In the early days of my life in Blowzabella we seemed to be travelling every five minutes and leaving the country every ten minutes. In those days you had to travel with enough cash in enough denominations to get you across Europe and a carnet document listing what you had in the van. Technically customs could insist on you taking everything out either on leaving or returning to check the carnet was accurate and mostly to check you weren’t illegally exporting eg taking a lot of instruments to sell or importing for the same reason. All to do with tax dodging. It could make those moments unpleasant even though you knew they were only doing their jobs.

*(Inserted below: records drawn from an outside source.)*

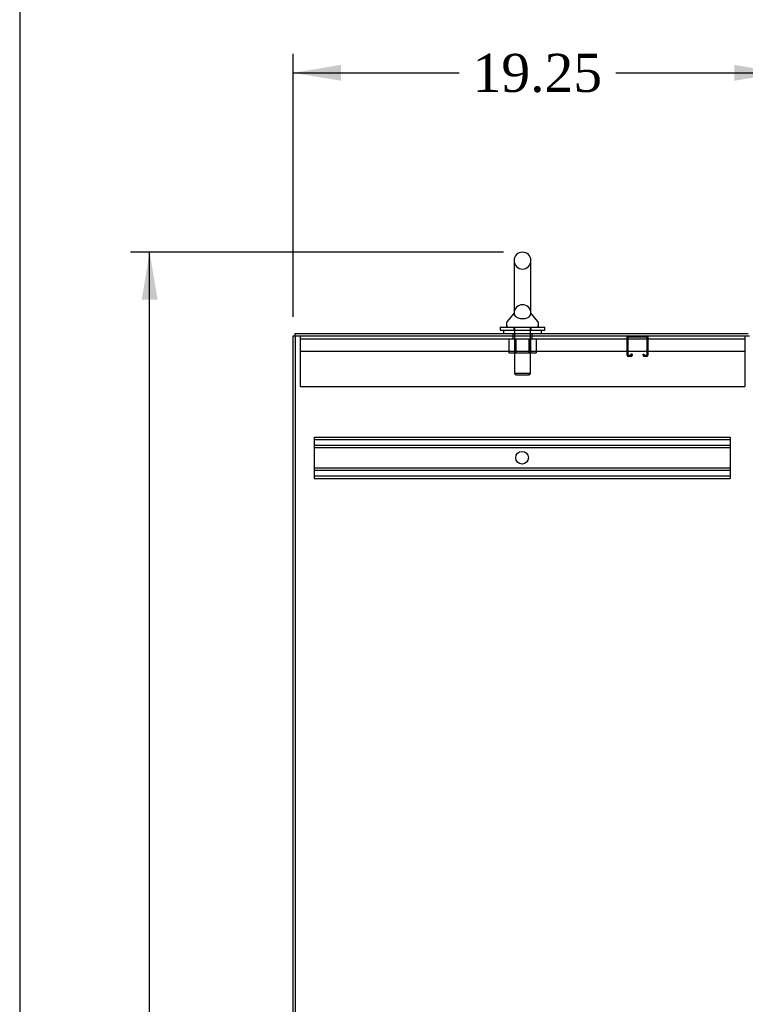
# Model space of a CAD drawing. Header units: inches. Extents: x 1 to 299, y -2 to 199.
# Tile 28 of 75: x 1 to 30, y 108 to 146. Entities that reach past the tile are written whole.
import ezdxf
from ezdxf.enums import TextEntityAlignment as Align
from ezdxf.lldxf.tags import DXFTag

# ---------------------------------------------------------------- set-up
doc = ezdxf.new("R2010")
doc.units = ezdxf.units.IN
doc.header["$MEASUREMENT"] = 0
for name, color, linetype in [('COM50677-2', 7, 'Continuous'), ('COM53933-1', 7, 'Continuous'), ('COM53964-1', 7, 'Continuous'), ('COM70215', 7, 'Continuous'), ('COM71177-1', 7, 'Continuous'), ('Default', 7, 'Continuous'), ('NTS18024', 7, 'Continuous'), ('SCS86414', 7, 'Continuous'), ('WAF25377', 7, 'Continuous'), ('WAM254785', 7, 'Continuous')]:
    doc.layers.add(name, color=color, linetype=linetype)
doc.styles.add('SEACAD_Times_New_Roman', font='times.ttf')
tags = doc.linetypes.add('HIDDEN2', pattern=[0.1875, 0.125, -0.0625]).pattern_tags.tags
tags[6:7] = [DXFTag(74, 4), DXFTag(75, 0), DXFTag(340, '0'), DXFTag(46, 0.0), DXFTag(50, 0.0), DXFTag(44, 0.0), DXFTag(45, 0.0)]
tags[4:5] = [DXFTag(74, 4), DXFTag(75, 0), DXFTag(340, '0'), DXFTag(46, 0.0), DXFTag(50, 0.0), DXFTag(44, 0.0), DXFTag(45, 0.0)]
doc.dimstyles.new('HAMMOND_(STH_-_300x200)', dxfattribs={"dimtxt": 1.5, "dimasz": 1.875, "dimexe": 0.75, "dimexo": 0.75, "dimgap": 0.375, "dimtad": 0, "dimtih": 1, "dimtoh": 1, "dimzin": 0, "dimdsep": 46, "dimtxsty": 'SEACAD_Times_New_Roman', "dimblk1": '_SE_FILLED', "dimblk2": '_SE_FILLED', "dimsah": 1, "dimcen": 0.75, "dimadec": 0, "dimazin": 0, "dimtfac": 0.8, "dimtofl": 0, "dimtmove": 0, "dimatfit": 3, "dimfxl": 1, "dimtolj": 1, "dimtzin": 0, "dimarcsym": 0})

# ---------------------------------------------------------------- blocks, each defined once
blk = doc.blocks.new('SE3')
at = {"layer": 'COM50677-2', "color": 7, "linetype": 'HIDDEN2'}
for p, q in [((12.416, 134.04), (12.416, 133.855)), ((12.416, 133.915), (29.916, 133.915)), ((12.416, 133.855), (12.416, 132.04)), ((20.791, 134.04), (20.791, 133.915)), ((21.541, 133.915), (21.541, 134.04)), ((29.916, 134.04), (29.916, 133.855)), ((29.916, 133.855), (29.916, 132.04)), ((29.916, 133.415), (12.416, 133.415)), ((12.416, 132.04), (29.916, 132.04))]:
    blk.add_line(p, q, dxfattribs=at)
at = {"layer": 'COM53933-1', "color": 7, "linetype": 'Continuous'}
for q in [(30.055, 134.135), (12.198, 134.04)]:
    blk.add_line((12.198, 134.135), q, dxfattribs=at)
at = {"layer": 'COM53933-1', "color": 7, "linetype": 'HIDDEN2'}
for p, q in [((20.791, 134.135), (20.791, 134.04)), ((21.541, 134.04), (21.541, 134.135))]:
    blk.add_line(p, q, dxfattribs=at)
at = {"layer": 'COM53964-1', "color": 7, "linetype": 'HIDDEN2'}
for p, q in [((12.963, 130.049), (12.963, 129.911)), ((12.963, 130.049), (29.338, 130.049)), ((12.963, 129.954), (29.338, 129.954)), ((12.963, 129.911), (12.963, 128.562)), ((29.338, 130.049), (29.338, 129.911)), ((29.338, 129.911), (29.338, 128.562)), ((12.963, 129.73), (29.338, 129.73)), ((12.963, 129.635), (29.338, 129.635)), ((12.963, 128.838), (29.338, 128.838)), ((12.963, 128.743), (29.338, 128.743)), ((12.963, 128.562), (12.963, 128.424)), ((12.963, 128.519), (29.338, 128.519)), ((12.963, 128.424), (29.338, 128.424)), ((29.338, 128.562), (29.338, 128.424))]:
    blk.add_line(p, q, dxfattribs=at)
blk.add_circle((21.15, 129.237), 0.25, dxfattribs=at)
at = {"layer": 'COM70215', "color": 7, "linetype": 'HIDDEN2'}
for p, q in [((25.29, 133.27), (25.29, 133.997)), ((25.33, 133.27), (25.33, 133.997)), ((25.333, 134), (26.06, 134)), ((26.063, 133.997), (26.063, 133.27)), ((26.103, 133.997), (26.103, 133.27)), ((25.435, 133.267), (25.333, 133.267)), ((25.435, 133.227), (25.333, 133.227)), ((25.438, 133.321), (25.438, 133.27)), ((25.478, 133.321), (25.438, 133.321)), ((25.478, 133.321), (25.478, 133.27)), ((25.915, 133.27), (25.915, 133.321)), ((25.915, 133.321), (25.955, 133.321)), ((25.955, 133.27), (25.955, 133.321)), ((26.06, 133.267), (25.958, 133.267)), ((26.06, 133.227), (25.958, 133.227))]:
    blk.add_line(p, q, dxfattribs=at)
for centre, radius, start, end in [((25.333, 133.997), 0.043, 90, 180), ((25.333, 133.997), 0.003, 90, 180), ((26.06, 133.997), 0.043, 0, 90), ((26.06, 133.997), 0.003, 0, 90), ((25.333, 133.27), 0.043, 180, 270), ((25.333, 133.27), 0.003, 180, 270), ((25.435, 133.27), 0.003, 270, 0), ((25.435, 133.27), 0.043, 270, 0), ((25.958, 133.27), 0.043, 180, 270), ((25.958, 133.27), 0.003, 180, 270), ((26.06, 133.27), 0.003, 270, 0), ((26.06, 133.27), 0.043, 270, 0)]:
    blk.add_arc(centre, radius, start, end, dxfattribs=at)
at = {"layer": 'COM71177-1', "color": 7, "linetype": 'Continuous'}
for p, q in [((12.138, 62.17), (12.138, 134.04)), ((12.138, 134.04), (12.298, 134.04)), ((12.298, 134.04), (30.103, 134.04))]:
    blk.add_line(p, q, dxfattribs=at)
at = {"layer": 'COM71177-1', "color": 7, "linetype": 'HIDDEN2'}
blk.add_line((12.233, 62.17), (12.233, 134.04), dxfattribs=at)
at = {"layer": 'NTS18024', "color": 7, "linetype": 'HIDDEN2'}
for p, q in [((20.628, 133.915), (20.628, 133.37)), ((20.631, 133.915), (20.631, 133.37)), ((20.853, 133.915), (20.853, 133.37)), ((20.902, 133.915), (20.902, 133.37)), ((20.903, 133.915), (20.903, 133.37)), ((21.429, 133.915), (21.429, 133.37)), ((21.429, 133.37), (21.429, 133.915)), ((21.478, 133.915), (21.478, 133.37)), ((21.701, 133.915), (21.701, 133.37)), ((21.703, 133.915), (21.703, 133.37)), ((20.628, 133.37), (20.903, 133.37)), ((20.903, 133.37), (21.429, 133.37)), ((21.429, 133.37), (21.701, 133.37)), ((21.701, 133.37), (21.703, 133.37))]:
    blk.add_line(p, q, dxfattribs=at)
at = {"layer": 'SCS86414', "color": 7, "linetype": 'Continuous'}
for p, q in [((20.834, 137), (20.834, 134.93)), ((21.497, 134.929), (21.497, 137)), ((20.834, 134.93), (20.834, 134.929)), ((20.541, 134.554), (20.541, 134.435)), ((20.825, 134.919), (20.554, 134.593)), ((20.825, 134.92), (20.825, 134.919)), ((21.777, 134.593), (21.506, 134.92)), ((21.791, 134.435), (21.791, 134.554))]:
    blk.add_line(p, q, dxfattribs=at)
at = {"layer": 'SCS86414', "color": 7, "linetype": 'HIDDEN2'}
for p, q in [((20.854, 134.375), (20.854, 132.56)), ((21.478, 132.56), (21.478, 134.375)), ((21.478, 132.56), (20.854, 132.56)), ((20.854, 132.56), (20.914, 132.5)), ((20.914, 132.5), (21.418, 132.5)), ((21.418, 132.5), (21.478, 132.56))]:
    blk.add_line(p, q, dxfattribs=at)
at = {"layer": 'SCS86414', "color": 7, "linetype": 'Continuous'}
for centre, radius, start, end in [((21.166, 137), 0.331, 0, 180), ((20.601, 134.554), 0.06, 140.3214, 180), ((21.731, 134.554), 0.06, 0, 39.6786), ((20.601, 134.435), 0.06, 180, 270), ((21.731, 134.435), 0.06, 270, 0)]:
    blk.add_arc(centre, radius, start, end, dxfattribs=at)
at = {"layer": 'SCS86414', "color": 7, "linetype": 'HIDDEN2'}
for centre, start, end in [((21.166, 137), 180, 0), ((21.166, 134.929), 0, 180)]:
    blk.add_arc(centre, 0.331, start, end, dxfattribs=at)
blk.add_open_spline([(20.834, 134.94), (20.834, 134.94), (20.834, 134.94), (20.834, 134.94), (20.834, 134.939), (20.834, 134.938)], degree=3, knots=[0.18461884, 0.18461884, 0.18461884, 0.18461884, 0.1875, 0.1875, 0.19607167, 0.19607167, 0.19607167, 0.19607167], dxfattribs=at)
at = {"layer": 'SCS86414', "color": 7, "linetype": 'Continuous'}
blk.add_open_spline([(20.834, 134.936), (20.834, 134.928), (20.834, 134.911), (20.845, 134.867), (20.858, 134.839), (20.907, 134.786), (20.944, 134.762), (21.046, 134.726), (21.109, 134.716), (21.239, 134.717), (21.302, 134.73), (21.398, 134.768), (21.433, 134.793), (21.478, 134.846), (21.489, 134.875), (21.497, 134.918), (21.497, 134.934), (21.497, 134.939)], degree=3, knots=[0.2026023, 0.2026023, 0.2026023, 0.2026023, 0.25, 0.25, 0.3125, 0.3125, 0.375, 0.375, 0.4375, 0.4375, 0.5, 0.5, 0.5625, 0.5625, 0.625, 0.625, 0.6741044, 0.6741044, 0.6741044, 0.6741044], dxfattribs=at)
blk.add_open_spline([(20.829, 134.924), (20.827, 134.922), (20.826, 134.921), (20.826, 134.92)], degree=3, dxfattribs=at)
at = {"layer": 'WAF25377', "color": 7, "linetype": 'Continuous'}
for p, q in [((20.291, 134.375), (22.041, 134.375)), ((20.291, 134.375), (20.291, 134.26)), ((20.291, 134.26), (22.041, 134.26)), ((22.041, 134.26), (22.041, 134.375))]:
    blk.add_line(p, q, dxfattribs=at)
at = {"layer": 'WAF25377', "color": 7, "linetype": 'HIDDEN2'}
for p, q in [((20.826, 134.375), (20.826, 134.26)), ((21.506, 134.26), (21.506, 134.375))]:
    blk.add_line(p, q, dxfattribs=at)
at = {"layer": 'WAM254785', "color": 7, "linetype": 'Continuous'}
for p, q in [((20.416, 134.26), (20.416, 134.135)), ((21.916, 134.135), (21.916, 134.26))]:
    blk.add_line(p, q, dxfattribs=at)
at = {"layer": 'WAM254785', "color": 7, "linetype": 'HIDDEN2'}
for p, q in [((20.853, 134.26), (20.853, 134.135)), ((21.478, 134.135), (21.478, 134.26))]:
    blk.add_line(p, q, dxfattribs=at)
blk = doc.blocks.new('DMBLK2826')
at = {"layer": 'Default', "linetype": 'Continuous'}
for points in [[(14.013, 144.707), (12.138, 144.394), (14.013, 144.082)], [(29.51, 144.707), (29.51, 144.082), (31.385, 144.394)]]:
    blk.add_hatch(color=7, dxfattribs=at).paths.add_polyline_path(points)
at = {"layer": 'Default', "color": 7, "linetype": 'Continuous'}
for p, q in [((12.138, 134.79), (12.138, 145.144)), ((31.385, 132.087), (31.385, 145.144)), ((12.138, 144.394), (18.677, 144.394)), ((24.845, 144.394), (31.385, 144.394))]:
    blk.add_line(p, q, dxfattribs=at)
at = {"layer": 'Default', "color": 7, "linetype": 'Continuous', "style": 'SEACAD_Times_New_Roman'}
blk.add_text('19.25', height=1.5, dxfattribs=at).set_placement((19.202, 145.144), align=Align.TOP_LEFT)
blk = doc.blocks.new('_SE_FILLED')
at = {"color": 0}
blk.add_line((0, 0), (-1, 0), dxfattribs=at)
blk.add_solid([(0, 0), (-1, -0.1665), (-1, 0.1665), (0, 0)], dxfattribs=at)
blk = doc.blocks.new('DMBLK2831')
at = {"layer": 'Default', "linetype": 'Continuous'}
for points in [[(6.171, 135.456), (6.796, 135.456), (6.484, 137.331)], [(6.171, 63.95), (6.484, 62.075), (6.796, 63.95)]]:
    blk.add_hatch(color=7, dxfattribs=at).paths.add_polyline_path(points)
at = {"layer": 'Default', "color": 7, "linetype": 'Continuous'}
for p, q in [((20.416, 137.331), (5.734, 137.331)), ((6.484, 100.978), (6.484, 137.331)), ((6.484, 62.075), (6.484, 98.953)), ((11.448, 62.075), (5.734, 62.075))]:
    blk.add_line(p, q, dxfattribs=at)
at = {"layer": 'Default', "color": 7, "linetype": 'Continuous', "style": 'SEACAD_Times_New_Roman'}
blk.add_text('75.26', height=1.5, dxfattribs=at).set_placement((3.924, 100.453), align=Align.TOP_LEFT)
blk = doc.blocks.new('BORDER')
at = {"layer": 'Default', "color": 7, "linetype": 'Continuous'}
blk.add_line((-41.86, 27.86), (-41.86, 0), dxfattribs=at)

msp = doc.modelspace()

# ---------------------------------------------------------------- block references
at = {"layer": 'Default', "color": 7, "xscale": 7.12, "yscale": 7.12, "zscale": 7.12}
msp.add_blockref('BORDER', (299.411, 0.564), dxfattribs=at)
at = {"layer": 'Default'}
msp.add_blockref('SE3', (0, 0), dxfattribs=at)

# ---------------------------------------------------------------- dimensions: what is measured, and where the dimension line sits
at = {"layer": 'Default', "color": 7, "linetype": 'Continuous'}
dim = msp.add_linear_dim(base=(31.385, 144.394), p1=(12.138, 134.04), p2=(31.385, 131.337), text='\\A1;<>', dimstyle='HAMMOND_(STH_-_300x200)', dxfattribs=at)
dim.commit()
dim.dimension.update_dxf_attribs({"geometry": 'DMBLK2826', "text_midpoint": (21.761, 144.394), "dimtype": 160})
dim = msp.add_linear_dim(base=(6.484, 137.331), p1=(12.198, 62.075), p2=(21.166, 137.331), angle=90, text='\\A1;<>', dimstyle='HAMMOND_(STH_-_300x200)', dxfattribs=at)
dim.commit()
dim.dimension.update_dxf_attribs({"geometry": 'DMBLK2831', "text_midpoint": (6.484, 99.703), "dimtype": 160})

doc.saveas('drawing.dxf')

Some of those things may yet return.

This summer things have gone a little pear shaped due to the amount we’re doing. As it’s Blowzabella’s 40th celebration we are doing tons of festivals here and abroad, other gigs etc. In days of yore Paul James took on the roll of pretty much doing everything except the money and merch which I did. He was a full time musician at that time and therefore meant he had some time to devote to the minutiae of travel arrangements and the like. Now he has a full time job but still does most of the admin for the band…at least until next year. The reality of this is ideally over this year we could have done with someone else being the ‘tour manager’ to keep their eye on trips that needed booking, channel tunnel, flights or what ever. This is in no way a criticism of Paul as he has miraculous kept things afloat, admin wise, pretty much single handedly over years despite working full time. It’s more by way of saying – none of us have had the time or energy to keep that side of things in focus.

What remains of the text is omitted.